## WORK TASK
Copy every line from the data below in which the string "whole" can be found.

## AVAILABLE DATA
________________________
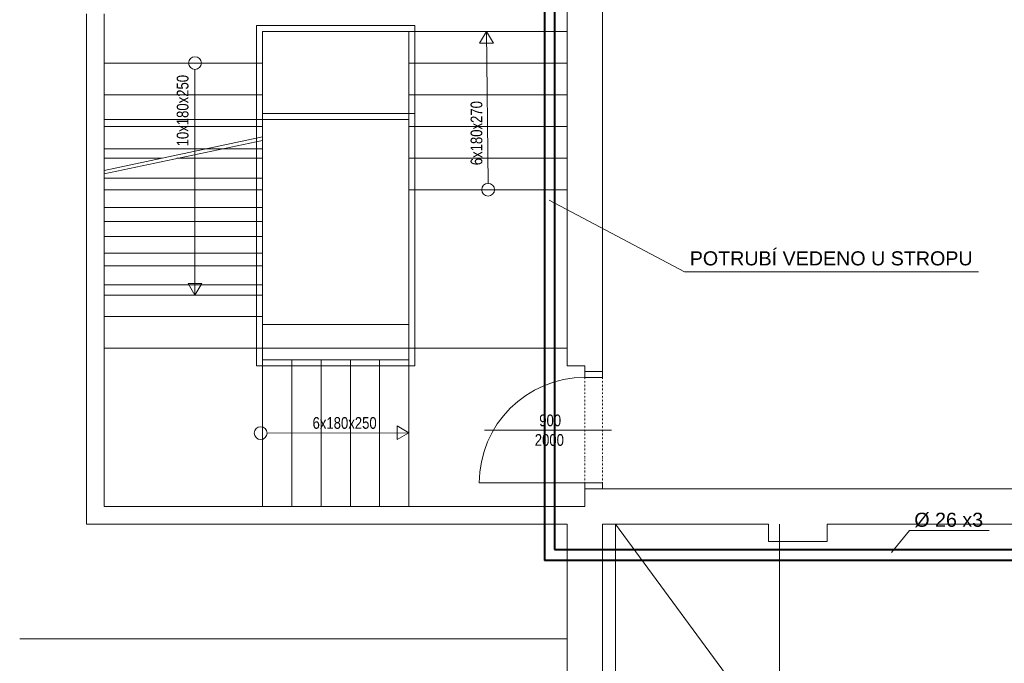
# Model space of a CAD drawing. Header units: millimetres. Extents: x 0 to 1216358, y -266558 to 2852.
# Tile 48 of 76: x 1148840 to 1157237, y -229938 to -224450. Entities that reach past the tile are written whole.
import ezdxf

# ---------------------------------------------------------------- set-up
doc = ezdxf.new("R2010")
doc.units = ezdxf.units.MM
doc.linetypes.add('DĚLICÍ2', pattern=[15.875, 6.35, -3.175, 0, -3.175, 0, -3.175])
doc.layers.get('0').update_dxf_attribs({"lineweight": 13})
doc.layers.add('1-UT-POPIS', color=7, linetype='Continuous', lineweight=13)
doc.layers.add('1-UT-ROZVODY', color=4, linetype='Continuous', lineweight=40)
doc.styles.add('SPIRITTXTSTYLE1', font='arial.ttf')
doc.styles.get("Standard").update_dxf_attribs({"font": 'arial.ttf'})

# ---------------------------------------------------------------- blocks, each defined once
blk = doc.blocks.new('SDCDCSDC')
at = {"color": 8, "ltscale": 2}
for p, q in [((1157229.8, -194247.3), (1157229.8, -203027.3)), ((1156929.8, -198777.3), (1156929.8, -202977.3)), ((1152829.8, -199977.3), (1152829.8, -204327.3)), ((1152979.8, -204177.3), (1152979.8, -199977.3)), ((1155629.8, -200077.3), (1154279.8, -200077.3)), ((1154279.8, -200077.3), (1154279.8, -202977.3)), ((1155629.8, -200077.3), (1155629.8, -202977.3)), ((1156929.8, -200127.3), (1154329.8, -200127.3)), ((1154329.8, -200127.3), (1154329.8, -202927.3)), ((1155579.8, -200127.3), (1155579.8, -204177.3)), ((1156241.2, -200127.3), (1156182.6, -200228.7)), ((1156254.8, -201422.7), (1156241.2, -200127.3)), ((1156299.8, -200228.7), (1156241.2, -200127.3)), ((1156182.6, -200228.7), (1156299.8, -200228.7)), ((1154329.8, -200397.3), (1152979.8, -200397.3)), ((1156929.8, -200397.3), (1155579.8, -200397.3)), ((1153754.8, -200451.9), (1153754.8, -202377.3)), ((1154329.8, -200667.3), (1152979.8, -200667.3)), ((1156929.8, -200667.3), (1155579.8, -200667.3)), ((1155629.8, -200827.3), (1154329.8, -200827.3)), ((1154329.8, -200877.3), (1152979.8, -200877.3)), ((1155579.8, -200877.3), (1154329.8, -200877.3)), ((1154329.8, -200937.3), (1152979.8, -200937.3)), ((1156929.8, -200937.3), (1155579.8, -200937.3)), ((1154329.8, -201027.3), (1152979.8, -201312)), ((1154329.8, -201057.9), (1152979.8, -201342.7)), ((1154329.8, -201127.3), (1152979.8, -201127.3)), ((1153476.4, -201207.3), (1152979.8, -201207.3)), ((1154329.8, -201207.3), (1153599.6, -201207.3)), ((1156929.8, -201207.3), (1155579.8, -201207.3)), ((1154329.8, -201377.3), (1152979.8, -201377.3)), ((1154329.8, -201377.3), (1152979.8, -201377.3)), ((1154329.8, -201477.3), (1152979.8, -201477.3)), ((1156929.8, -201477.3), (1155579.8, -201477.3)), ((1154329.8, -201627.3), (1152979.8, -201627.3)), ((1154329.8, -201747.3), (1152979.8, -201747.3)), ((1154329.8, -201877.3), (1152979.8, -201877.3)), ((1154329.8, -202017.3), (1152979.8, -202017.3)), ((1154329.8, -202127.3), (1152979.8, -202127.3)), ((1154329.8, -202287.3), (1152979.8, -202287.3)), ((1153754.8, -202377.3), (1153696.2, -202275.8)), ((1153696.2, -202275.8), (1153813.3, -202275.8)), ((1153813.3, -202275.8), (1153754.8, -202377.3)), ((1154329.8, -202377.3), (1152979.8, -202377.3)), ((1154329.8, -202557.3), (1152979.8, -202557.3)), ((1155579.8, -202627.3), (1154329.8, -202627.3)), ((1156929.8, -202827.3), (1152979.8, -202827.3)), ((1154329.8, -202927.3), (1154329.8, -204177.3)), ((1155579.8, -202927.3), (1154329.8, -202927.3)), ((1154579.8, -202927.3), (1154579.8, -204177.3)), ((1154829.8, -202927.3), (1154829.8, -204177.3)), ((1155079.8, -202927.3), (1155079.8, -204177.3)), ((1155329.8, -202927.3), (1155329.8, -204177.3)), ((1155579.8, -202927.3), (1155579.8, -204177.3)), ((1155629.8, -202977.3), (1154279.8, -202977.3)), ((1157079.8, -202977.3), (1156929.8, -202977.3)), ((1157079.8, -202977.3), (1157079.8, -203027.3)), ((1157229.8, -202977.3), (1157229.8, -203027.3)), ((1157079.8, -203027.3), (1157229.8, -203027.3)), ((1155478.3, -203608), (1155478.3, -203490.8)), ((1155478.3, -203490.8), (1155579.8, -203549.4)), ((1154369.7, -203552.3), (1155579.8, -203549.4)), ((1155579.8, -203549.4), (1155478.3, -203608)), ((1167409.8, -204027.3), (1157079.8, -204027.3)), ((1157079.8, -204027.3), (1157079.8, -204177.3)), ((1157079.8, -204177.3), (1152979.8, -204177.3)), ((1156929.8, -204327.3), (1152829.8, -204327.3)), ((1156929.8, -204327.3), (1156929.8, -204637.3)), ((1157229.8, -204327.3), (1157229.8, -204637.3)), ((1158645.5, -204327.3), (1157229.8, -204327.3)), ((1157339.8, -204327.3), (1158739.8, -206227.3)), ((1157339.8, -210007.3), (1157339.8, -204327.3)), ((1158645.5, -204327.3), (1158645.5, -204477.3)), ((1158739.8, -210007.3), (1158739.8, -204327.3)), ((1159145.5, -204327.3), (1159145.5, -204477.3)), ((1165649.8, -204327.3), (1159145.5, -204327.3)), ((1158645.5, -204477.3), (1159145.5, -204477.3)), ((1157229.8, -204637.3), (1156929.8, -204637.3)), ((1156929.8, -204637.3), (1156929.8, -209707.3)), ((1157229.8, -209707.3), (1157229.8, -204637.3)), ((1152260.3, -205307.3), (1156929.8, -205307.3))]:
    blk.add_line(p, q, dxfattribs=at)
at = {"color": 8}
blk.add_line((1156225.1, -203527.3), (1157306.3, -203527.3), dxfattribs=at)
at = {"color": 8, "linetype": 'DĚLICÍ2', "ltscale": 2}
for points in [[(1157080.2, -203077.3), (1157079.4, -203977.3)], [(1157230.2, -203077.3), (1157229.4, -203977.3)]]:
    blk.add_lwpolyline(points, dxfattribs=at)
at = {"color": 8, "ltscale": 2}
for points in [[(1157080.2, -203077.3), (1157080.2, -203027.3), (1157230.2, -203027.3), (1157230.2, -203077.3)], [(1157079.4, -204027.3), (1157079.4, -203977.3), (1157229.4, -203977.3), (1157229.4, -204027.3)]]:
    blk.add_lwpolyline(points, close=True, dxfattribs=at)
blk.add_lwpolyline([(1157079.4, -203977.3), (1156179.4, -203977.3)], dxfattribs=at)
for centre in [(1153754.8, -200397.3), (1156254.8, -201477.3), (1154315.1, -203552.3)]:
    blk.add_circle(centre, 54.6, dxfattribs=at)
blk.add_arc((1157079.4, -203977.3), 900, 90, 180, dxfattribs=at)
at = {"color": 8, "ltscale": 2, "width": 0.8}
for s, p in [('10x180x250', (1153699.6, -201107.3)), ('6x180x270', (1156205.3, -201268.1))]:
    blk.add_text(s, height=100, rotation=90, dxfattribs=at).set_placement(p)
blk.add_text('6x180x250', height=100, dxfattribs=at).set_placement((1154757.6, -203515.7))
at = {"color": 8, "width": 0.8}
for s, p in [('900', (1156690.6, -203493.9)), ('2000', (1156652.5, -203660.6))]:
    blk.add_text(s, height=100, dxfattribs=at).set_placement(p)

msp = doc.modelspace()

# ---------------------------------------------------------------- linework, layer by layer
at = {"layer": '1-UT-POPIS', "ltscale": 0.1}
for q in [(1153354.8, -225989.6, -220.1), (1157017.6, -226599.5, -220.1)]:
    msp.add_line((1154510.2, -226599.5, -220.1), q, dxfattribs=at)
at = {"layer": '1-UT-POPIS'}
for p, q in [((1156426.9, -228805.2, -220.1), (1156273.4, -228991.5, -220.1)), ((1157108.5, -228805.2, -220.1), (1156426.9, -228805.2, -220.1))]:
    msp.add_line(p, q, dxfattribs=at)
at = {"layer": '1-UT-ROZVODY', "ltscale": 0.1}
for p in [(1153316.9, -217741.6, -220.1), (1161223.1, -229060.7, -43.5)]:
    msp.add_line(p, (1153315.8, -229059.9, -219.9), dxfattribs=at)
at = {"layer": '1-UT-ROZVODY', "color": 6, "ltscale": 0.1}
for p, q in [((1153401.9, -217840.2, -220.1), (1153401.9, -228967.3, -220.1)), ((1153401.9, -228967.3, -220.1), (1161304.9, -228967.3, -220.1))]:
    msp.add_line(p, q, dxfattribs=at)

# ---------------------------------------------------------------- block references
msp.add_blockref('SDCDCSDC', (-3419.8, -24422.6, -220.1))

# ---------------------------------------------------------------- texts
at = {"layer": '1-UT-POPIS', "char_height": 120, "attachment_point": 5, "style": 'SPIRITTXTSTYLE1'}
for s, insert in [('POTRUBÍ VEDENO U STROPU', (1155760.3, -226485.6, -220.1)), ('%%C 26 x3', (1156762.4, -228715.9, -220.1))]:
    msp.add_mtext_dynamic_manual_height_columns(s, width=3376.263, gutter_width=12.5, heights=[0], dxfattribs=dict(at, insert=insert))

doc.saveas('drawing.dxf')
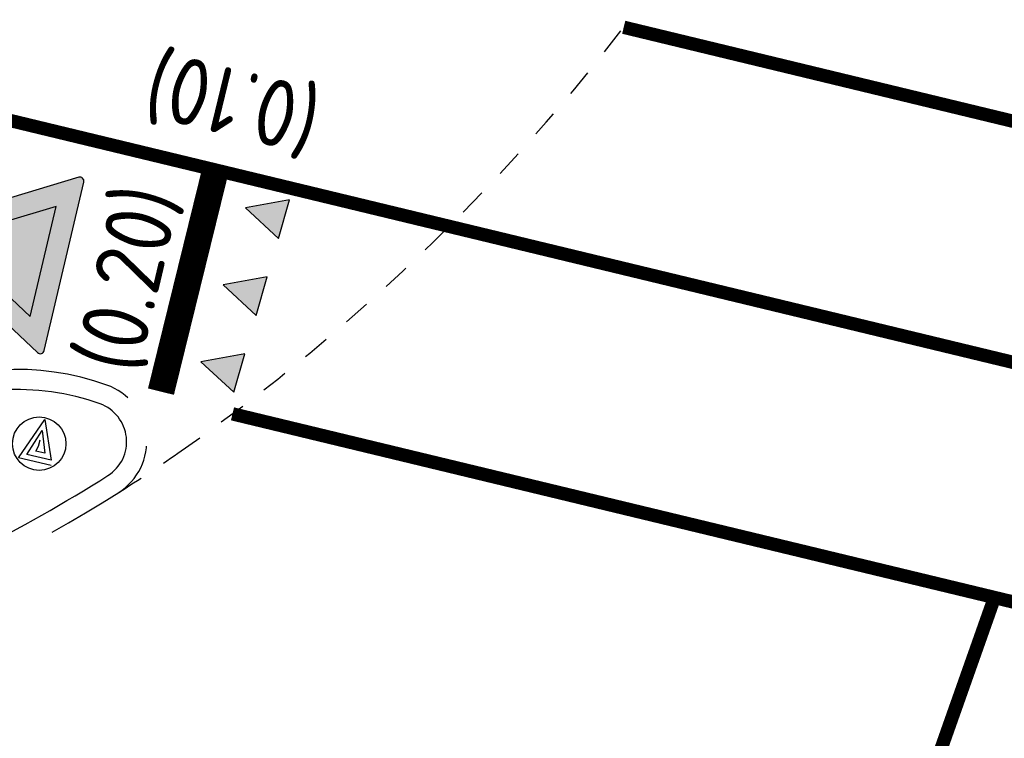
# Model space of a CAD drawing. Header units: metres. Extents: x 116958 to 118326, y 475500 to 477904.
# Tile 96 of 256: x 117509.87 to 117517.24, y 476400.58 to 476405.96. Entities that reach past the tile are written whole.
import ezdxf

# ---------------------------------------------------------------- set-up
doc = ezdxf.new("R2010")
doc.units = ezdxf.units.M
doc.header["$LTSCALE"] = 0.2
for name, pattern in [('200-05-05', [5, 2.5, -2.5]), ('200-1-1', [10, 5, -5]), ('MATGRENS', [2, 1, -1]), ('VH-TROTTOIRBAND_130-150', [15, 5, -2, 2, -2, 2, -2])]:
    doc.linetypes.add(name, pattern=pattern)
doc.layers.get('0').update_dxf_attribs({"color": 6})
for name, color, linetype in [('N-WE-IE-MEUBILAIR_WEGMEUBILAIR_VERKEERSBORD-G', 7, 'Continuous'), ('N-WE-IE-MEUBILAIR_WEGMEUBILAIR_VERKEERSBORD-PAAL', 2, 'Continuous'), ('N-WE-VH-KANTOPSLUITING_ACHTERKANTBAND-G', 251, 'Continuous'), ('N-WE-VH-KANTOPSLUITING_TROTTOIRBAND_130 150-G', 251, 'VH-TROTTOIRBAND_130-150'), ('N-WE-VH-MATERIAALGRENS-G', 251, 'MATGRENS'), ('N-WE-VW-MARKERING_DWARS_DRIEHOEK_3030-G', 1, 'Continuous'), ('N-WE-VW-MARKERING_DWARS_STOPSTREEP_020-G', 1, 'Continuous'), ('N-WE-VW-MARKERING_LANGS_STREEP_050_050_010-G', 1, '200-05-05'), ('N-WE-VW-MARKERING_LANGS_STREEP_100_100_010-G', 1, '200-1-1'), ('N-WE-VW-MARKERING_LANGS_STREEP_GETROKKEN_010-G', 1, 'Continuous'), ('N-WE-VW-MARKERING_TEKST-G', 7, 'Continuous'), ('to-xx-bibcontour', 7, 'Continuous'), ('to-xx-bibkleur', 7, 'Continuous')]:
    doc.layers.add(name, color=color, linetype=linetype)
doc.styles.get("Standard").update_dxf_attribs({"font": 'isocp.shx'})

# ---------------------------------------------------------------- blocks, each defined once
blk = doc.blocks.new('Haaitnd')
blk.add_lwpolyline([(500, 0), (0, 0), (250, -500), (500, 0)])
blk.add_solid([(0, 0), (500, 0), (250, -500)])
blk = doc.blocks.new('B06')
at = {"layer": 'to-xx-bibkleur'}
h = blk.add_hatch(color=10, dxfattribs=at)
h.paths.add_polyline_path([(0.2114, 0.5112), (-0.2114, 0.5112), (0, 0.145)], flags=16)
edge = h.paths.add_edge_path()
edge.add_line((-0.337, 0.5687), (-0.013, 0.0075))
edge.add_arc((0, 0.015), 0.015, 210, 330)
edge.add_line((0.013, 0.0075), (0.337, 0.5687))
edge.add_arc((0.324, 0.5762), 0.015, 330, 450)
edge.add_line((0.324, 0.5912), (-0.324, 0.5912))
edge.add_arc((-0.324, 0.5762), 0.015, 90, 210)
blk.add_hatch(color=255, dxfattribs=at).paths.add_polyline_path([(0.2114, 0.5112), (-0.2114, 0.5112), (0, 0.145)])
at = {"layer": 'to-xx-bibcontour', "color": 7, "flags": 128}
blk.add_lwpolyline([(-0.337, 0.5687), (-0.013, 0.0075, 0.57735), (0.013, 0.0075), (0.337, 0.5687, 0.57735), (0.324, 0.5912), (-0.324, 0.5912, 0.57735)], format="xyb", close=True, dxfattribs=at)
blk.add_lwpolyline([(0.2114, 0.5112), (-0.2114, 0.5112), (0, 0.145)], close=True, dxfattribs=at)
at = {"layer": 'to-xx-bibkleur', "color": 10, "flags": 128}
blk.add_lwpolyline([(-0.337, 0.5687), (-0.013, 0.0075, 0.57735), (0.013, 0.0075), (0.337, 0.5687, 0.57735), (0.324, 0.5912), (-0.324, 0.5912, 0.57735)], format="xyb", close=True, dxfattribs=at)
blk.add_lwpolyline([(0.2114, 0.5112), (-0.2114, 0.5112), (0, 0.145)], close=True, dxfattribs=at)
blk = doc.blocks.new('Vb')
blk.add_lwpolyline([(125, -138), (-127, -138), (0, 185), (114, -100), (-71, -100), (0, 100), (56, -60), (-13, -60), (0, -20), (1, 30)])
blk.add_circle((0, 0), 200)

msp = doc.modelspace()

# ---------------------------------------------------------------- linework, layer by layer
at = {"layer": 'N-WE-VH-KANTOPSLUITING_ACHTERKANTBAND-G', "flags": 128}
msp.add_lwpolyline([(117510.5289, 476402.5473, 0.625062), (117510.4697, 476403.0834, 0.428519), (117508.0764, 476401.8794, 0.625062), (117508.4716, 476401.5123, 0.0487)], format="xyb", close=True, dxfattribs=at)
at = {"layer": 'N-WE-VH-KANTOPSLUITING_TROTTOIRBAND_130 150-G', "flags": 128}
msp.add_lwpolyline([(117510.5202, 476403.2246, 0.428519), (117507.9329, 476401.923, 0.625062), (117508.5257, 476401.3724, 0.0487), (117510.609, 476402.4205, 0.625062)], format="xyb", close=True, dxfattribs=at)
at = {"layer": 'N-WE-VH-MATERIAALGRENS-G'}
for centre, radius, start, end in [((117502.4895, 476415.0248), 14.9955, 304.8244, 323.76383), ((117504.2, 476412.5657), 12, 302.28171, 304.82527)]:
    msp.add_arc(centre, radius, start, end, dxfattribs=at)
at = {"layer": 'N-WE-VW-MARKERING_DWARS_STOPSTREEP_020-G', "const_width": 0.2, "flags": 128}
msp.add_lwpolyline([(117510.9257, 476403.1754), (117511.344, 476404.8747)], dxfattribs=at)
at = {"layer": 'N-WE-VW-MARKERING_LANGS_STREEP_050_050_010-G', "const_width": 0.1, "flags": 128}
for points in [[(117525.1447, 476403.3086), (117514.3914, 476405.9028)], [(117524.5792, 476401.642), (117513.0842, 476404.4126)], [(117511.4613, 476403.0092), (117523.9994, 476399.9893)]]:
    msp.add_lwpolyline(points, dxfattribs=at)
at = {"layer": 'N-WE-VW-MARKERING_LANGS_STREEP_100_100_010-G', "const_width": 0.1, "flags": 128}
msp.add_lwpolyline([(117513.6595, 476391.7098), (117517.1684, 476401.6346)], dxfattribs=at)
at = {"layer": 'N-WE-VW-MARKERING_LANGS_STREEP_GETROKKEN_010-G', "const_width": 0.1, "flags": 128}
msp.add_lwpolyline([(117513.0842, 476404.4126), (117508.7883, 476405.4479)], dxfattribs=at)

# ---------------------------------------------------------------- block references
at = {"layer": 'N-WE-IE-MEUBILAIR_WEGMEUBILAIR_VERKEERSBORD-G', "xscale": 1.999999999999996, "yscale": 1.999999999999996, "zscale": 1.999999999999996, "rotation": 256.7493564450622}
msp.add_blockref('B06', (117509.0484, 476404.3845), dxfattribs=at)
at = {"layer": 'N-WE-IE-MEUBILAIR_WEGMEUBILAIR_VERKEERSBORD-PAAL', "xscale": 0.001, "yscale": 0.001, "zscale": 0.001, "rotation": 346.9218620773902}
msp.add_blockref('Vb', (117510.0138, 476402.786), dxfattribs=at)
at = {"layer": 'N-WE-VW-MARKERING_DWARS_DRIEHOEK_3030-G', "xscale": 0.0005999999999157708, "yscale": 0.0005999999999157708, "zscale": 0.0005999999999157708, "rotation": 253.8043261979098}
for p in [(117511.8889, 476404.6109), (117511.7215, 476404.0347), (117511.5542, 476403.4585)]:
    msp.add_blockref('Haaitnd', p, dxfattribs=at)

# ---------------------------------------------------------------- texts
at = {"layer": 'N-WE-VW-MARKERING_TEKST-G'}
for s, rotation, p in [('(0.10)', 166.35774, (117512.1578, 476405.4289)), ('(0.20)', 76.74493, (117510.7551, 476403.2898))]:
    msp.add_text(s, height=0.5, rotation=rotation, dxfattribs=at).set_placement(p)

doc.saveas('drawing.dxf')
________________________
## REPLY
# Tile 48 of 76: x 1148840 to 1157237, y -229938 to -224450. Entities that reach past the tile are written whole.
# Tile 96 of 256: x 117509.87 to 117517.24, y 476400.58 to 476405.96. Entities that reach past the tile are written whole.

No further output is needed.